**Data records**

%%

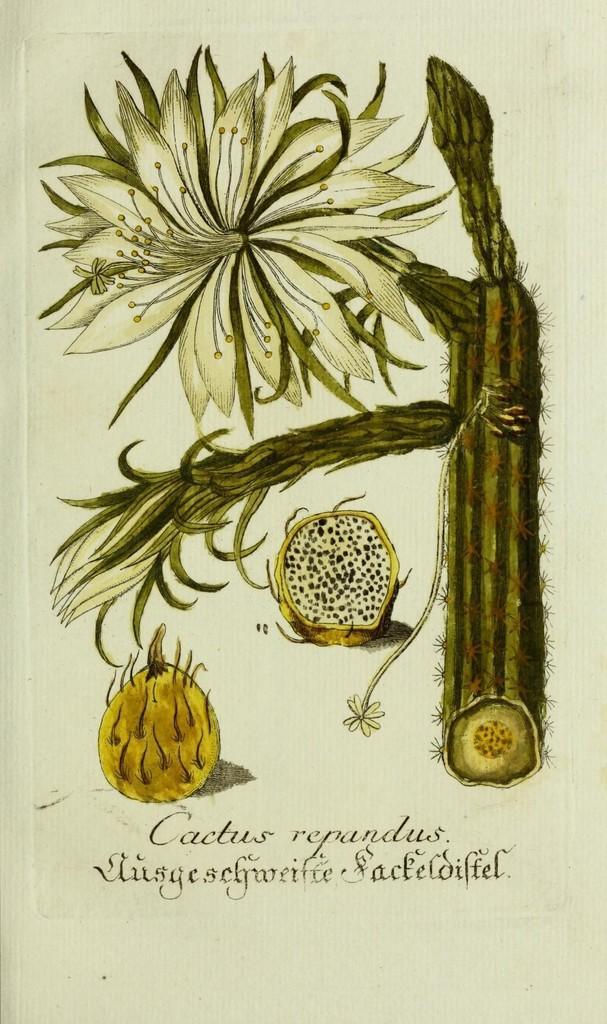Can you describe this image briefly? In this picture we can see a poster, in the poster we can find some text and printed pictures. 
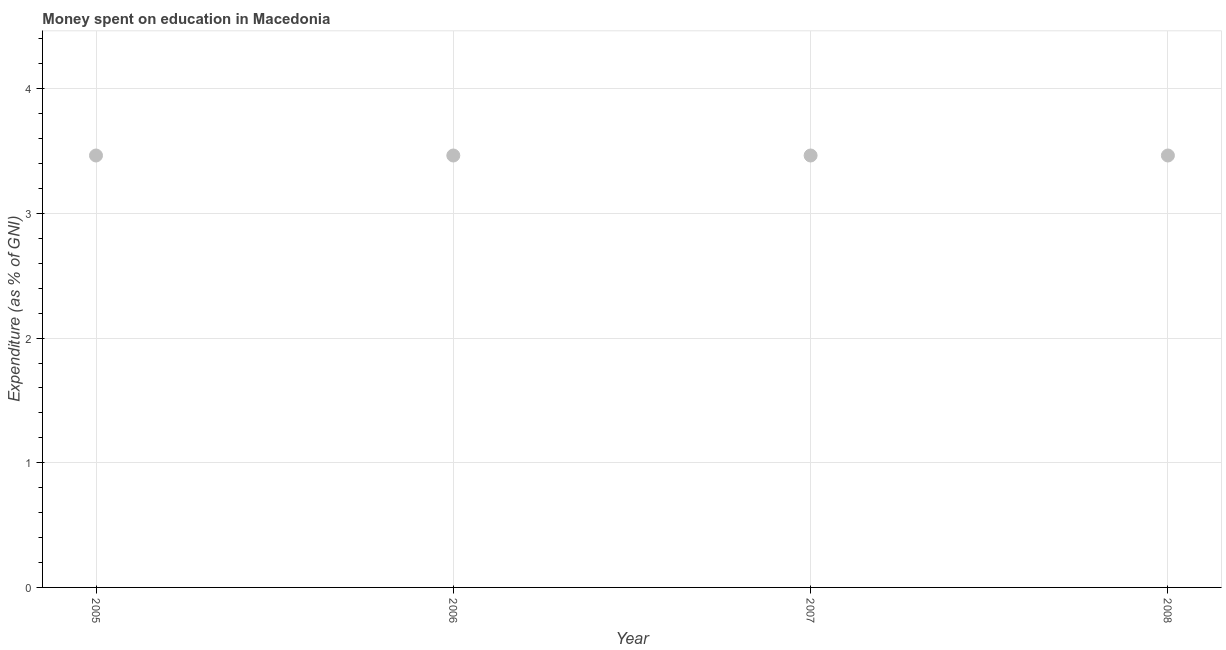What is the expenditure on education in 2008?
Give a very brief answer. 3.46. Across all years, what is the maximum expenditure on education?
Give a very brief answer. 3.46. Across all years, what is the minimum expenditure on education?
Your answer should be compact. 3.46. What is the sum of the expenditure on education?
Your answer should be compact. 13.86. What is the average expenditure on education per year?
Give a very brief answer. 3.46. What is the median expenditure on education?
Offer a very short reply. 3.46. Do a majority of the years between 2006 and 2008 (inclusive) have expenditure on education greater than 4.2 %?
Your response must be concise. No. What is the ratio of the expenditure on education in 2006 to that in 2007?
Offer a very short reply. 1. Is the expenditure on education in 2006 less than that in 2008?
Give a very brief answer. No. What is the difference between the highest and the second highest expenditure on education?
Make the answer very short. 0. In how many years, is the expenditure on education greater than the average expenditure on education taken over all years?
Keep it short and to the point. 0. How many dotlines are there?
Provide a short and direct response. 1. Does the graph contain any zero values?
Your answer should be compact. No. What is the title of the graph?
Offer a terse response. Money spent on education in Macedonia. What is the label or title of the X-axis?
Offer a very short reply. Year. What is the label or title of the Y-axis?
Make the answer very short. Expenditure (as % of GNI). What is the Expenditure (as % of GNI) in 2005?
Your answer should be very brief. 3.46. What is the Expenditure (as % of GNI) in 2006?
Keep it short and to the point. 3.46. What is the Expenditure (as % of GNI) in 2007?
Offer a very short reply. 3.46. What is the Expenditure (as % of GNI) in 2008?
Provide a succinct answer. 3.46. What is the difference between the Expenditure (as % of GNI) in 2005 and 2007?
Keep it short and to the point. 0. What is the difference between the Expenditure (as % of GNI) in 2006 and 2007?
Give a very brief answer. 0. What is the difference between the Expenditure (as % of GNI) in 2006 and 2008?
Provide a short and direct response. 0. What is the difference between the Expenditure (as % of GNI) in 2007 and 2008?
Your answer should be very brief. 0. What is the ratio of the Expenditure (as % of GNI) in 2006 to that in 2007?
Offer a terse response. 1. 
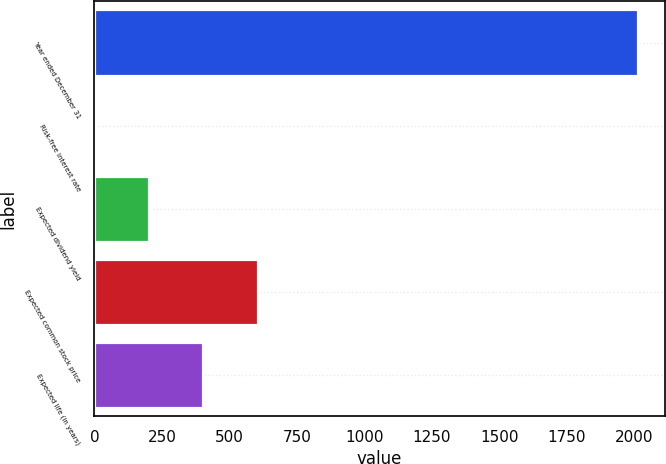<chart> <loc_0><loc_0><loc_500><loc_500><bar_chart><fcel>Year ended December 31<fcel>Risk-free interest rate<fcel>Expected dividend yield<fcel>Expected common stock price<fcel>Expected life (in years)<nl><fcel>2013<fcel>1.18<fcel>202.36<fcel>604.72<fcel>403.54<nl></chart> 
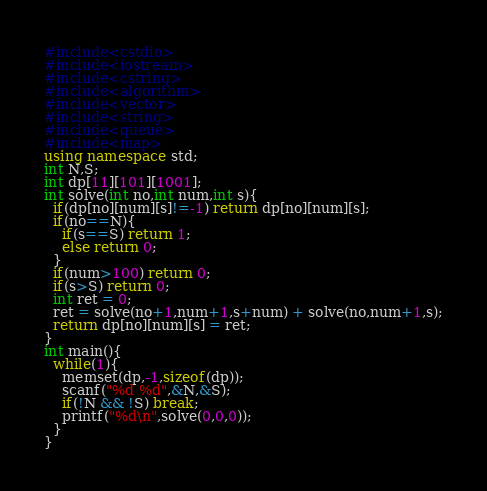Convert code to text. <code><loc_0><loc_0><loc_500><loc_500><_C++_>#include<cstdio>
#include<iostream>
#include<cstring>
#include<algorithm>
#include<vector>
#include<string>
#include<queue>
#include<map>
using namespace std;
int N,S;
int dp[11][101][1001];
int solve(int no,int num,int s){
  if(dp[no][num][s]!=-1) return dp[no][num][s];
  if(no==N){
    if(s==S) return 1;
    else return 0;
  }
  if(num>100) return 0;
  if(s>S) return 0;
  int ret = 0;
  ret = solve(no+1,num+1,s+num) + solve(no,num+1,s);
  return dp[no][num][s] = ret;
}
int main(){
  while(1){
    memset(dp,-1,sizeof(dp));
    scanf("%d %d",&N,&S);
    if(!N && !S) break;
    printf("%d\n",solve(0,0,0));
  }
}</code>

%%

**Action item**
Say how many lines of the data above have the string "point" in them, and write nothing besides that number.

**Reply**
3